UCMP,  in partnership with the Museum of the Earth, the University of Kansas Natural History Museum, and the Yale Peabody Museum of Natural History, has received a National Leadership Grant from the Institute of Museum and Library Sciences: The Tree Room: Teaching and learning about evolutionary relationships

This three-year project will result in a freely accessible online resource for science educators and ISI professionals – The Tree Room. Building on scientific expertise, the learning research, and current project partner efforts, this resource will clarify what evolutionary trees are, how to read and interpret them, how they are built, how they inform research, and their applications relevant to society.  The project will clarify common misconceptions about trees, identify best practices for using trees in exhibits, and provide lessons and tools for teaching about trees.

The Tree Room will become part of the already highly successful Understanding Evolution website and will target K-16 teachers and ISI professionals but will ultimately serve students and the broader public by helping members of the target audience communicate more effectively about evolutionary trees as important scientific tools.

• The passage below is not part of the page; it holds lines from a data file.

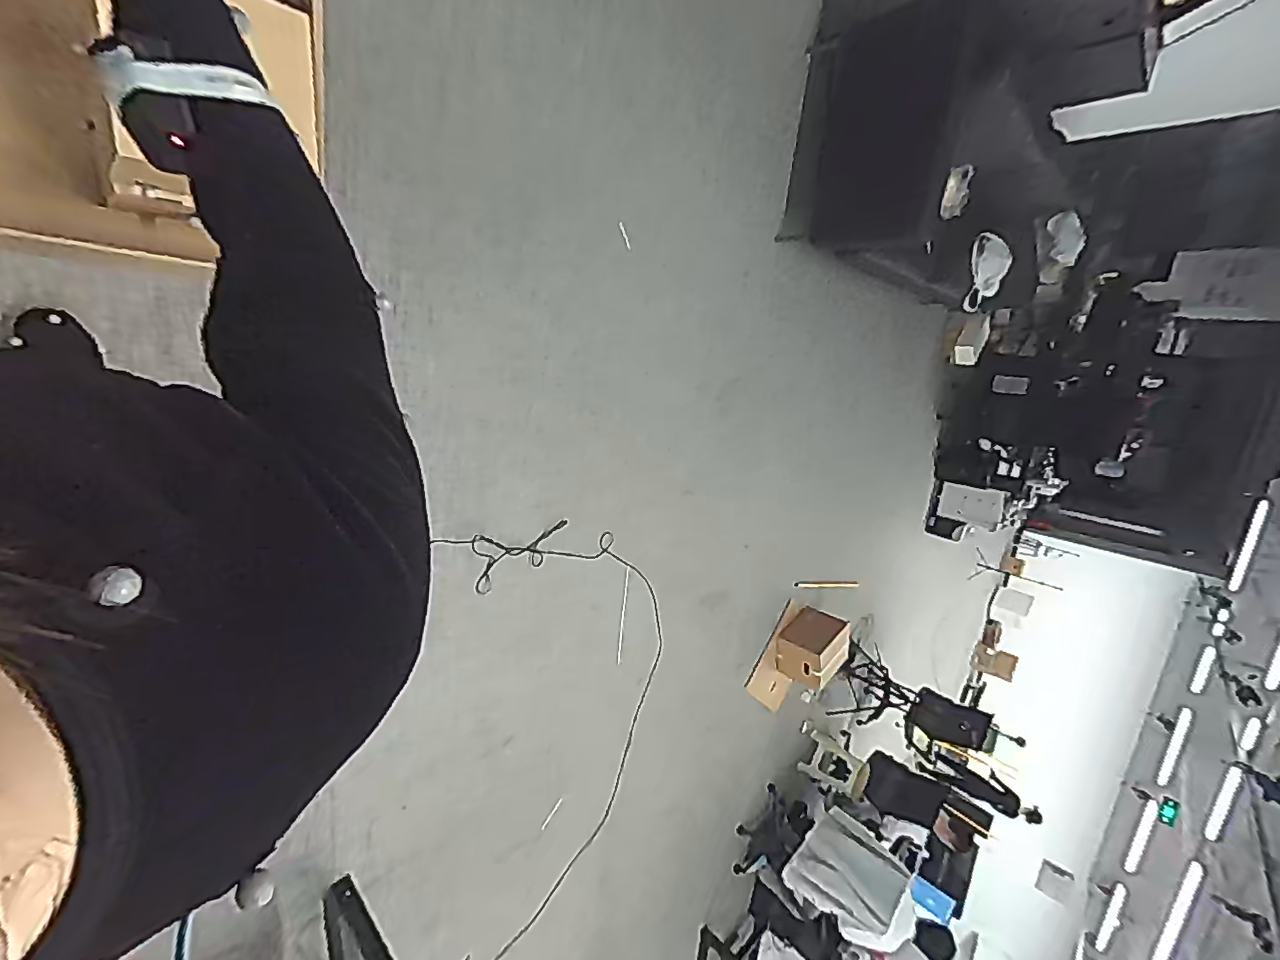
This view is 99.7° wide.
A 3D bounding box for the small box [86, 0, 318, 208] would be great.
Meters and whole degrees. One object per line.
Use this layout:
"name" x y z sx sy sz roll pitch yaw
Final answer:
"small box" -0.462 -0.405 0.577 0.168 0.176 0.179 -10 111 -45

This project will have national impact on three levels by:

  • Increasing the number of K-16 teachers and informal science educators who are prepared to teach about trees and able to clarify student and visitor misconceptions.
  • Increasing the capacity of museums to develop effective exhibit and program components that integrate evolutionary trees by providing access to learning research and best practices gained through case study analysis.
  • Increasing public understanding of evolutionary trees.

Measurable outcomes of the project will include:

  • Improvements in teachers’ understanding of evolutionary trees.
  • Increases in teachers’ confidence in working with trees and associated scientific data, and improved skills in synthesizing and transforming that knowledge for the classroom.
  • Improvements in teachers’ skill and capacity for communicating concepts associated with biological trees in the framework of local, state and national science education standards.
  • Increases in teachers’ ability to explain tree depictions in the popular press or in textbooks that may otherwise result in student misconceptions.
  • Increases in ISI professionals’ use of trees in new exhibit designs.
  • Improved use of trees in ISI exhibits in ways that better reflect the results of the learning research and best practices as established through case studies of tree visualizations in other institutions.
  • Increases in ISI professionals’ confidence in using tree visualizations in museum interpretive activities and in discussing existing tree diagrams with visitors.

Teachers better prepared to incorporate trees into instruction and ISI professionals with a deeper understanding of the role of trees in exhibits will lead to a more scientifically literate public—one that appreciates the central role that evolutionary relationships play in a modern understanding of biology.